動機器である遠心分離機の洗浄では使うことが多いです。
材質
材質はステンレスが無難です。
装置内で使用するプロセス洗浄は、設備材質と合わせましょう。
SUS316にしておくと何かと無難です。
消火設備の場合でもステンレスが望ましいです。
というのも、スプレーノズルは詰まりが大敵です。
腐食したり錆が混入されたりすると、途端に使えなくなります。
耐食性をできるだけ上げておく方が好ましいです。
PVCやPVDFなどの樹脂系を使う場合もありますが、設備が樹脂系に限定した方が良いでしょう。
樹脂は使っていくうちに割れる可能性があるからです。
材質はSUS316無難
ゆるみ止め
スプレーノズルの最大の悩みどころは「緩む」ということでしょう。
ねじ込み継手が基本です。
ねじは緩みます。
消火設備なら緩んでもまだ良いのですが、プロセス洗浄は被害が大きくなります。
緩んで落下して異物となったり、設備を故障させたり・・・と品質を安定化させるために洗浄しているはずが、別のトラブルを誘引しかねません。
とりあえず点溶接をすることになるでしょう。
ただし、溶接量が多くないので気が付いたら剥がれていたというトラブルが起きます。
定期的なチェックが欠かせません。
樹脂の場合も溶着に頼ることになりますが、割れが起きたら脱落するのは同じです。
参考
関連記事
スプレーノズルの問題は、特に圧力損失が大事です。
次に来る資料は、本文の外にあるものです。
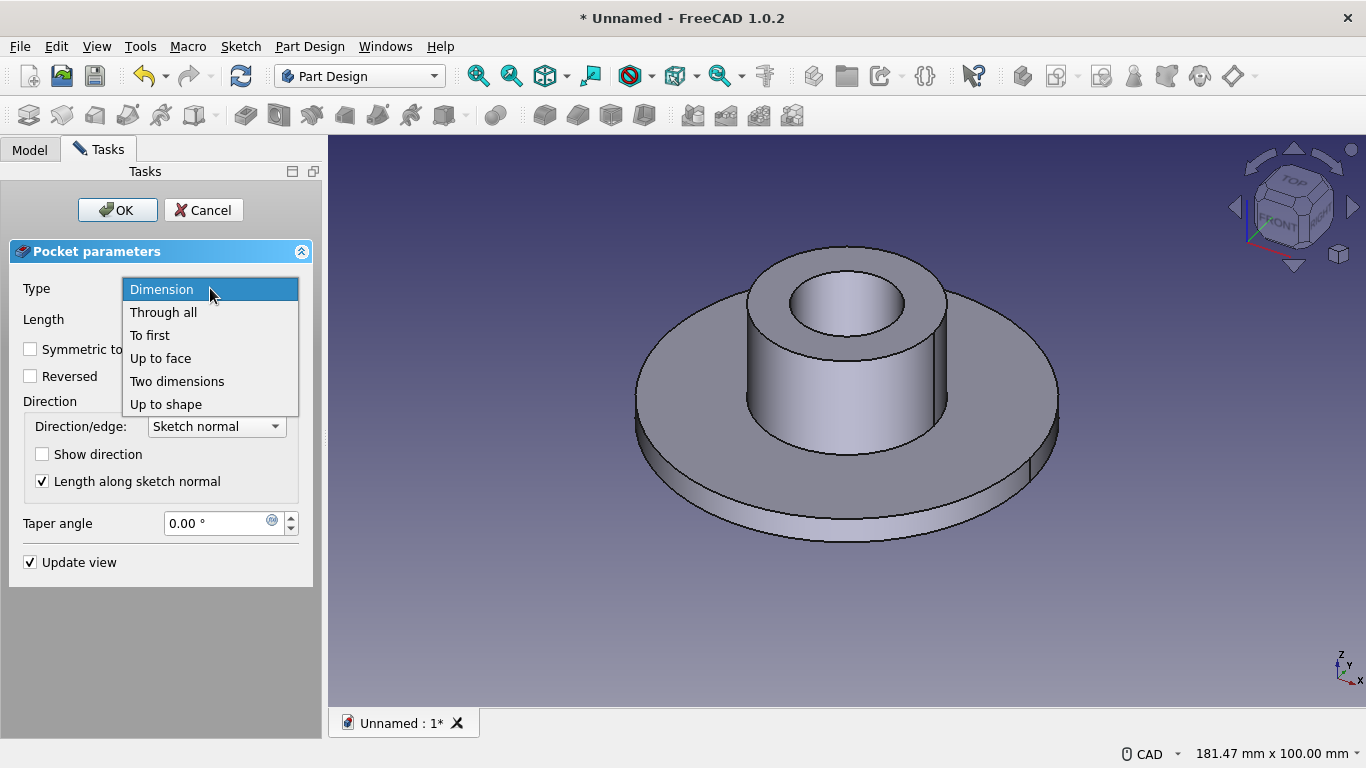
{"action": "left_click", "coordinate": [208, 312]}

以下の記事も合わせてご確認ください。
最後に
化学プラントでのスプレーノズルの使い方を解説しました。
消火設備用とプロセス洗浄用に分かれます。
カタログを見て流量や圧力をちゃんと見て、供給側の設計をしないと使えないというトラブルによく出あます。
材質やゆるみ止めも見落としがちなポイントです。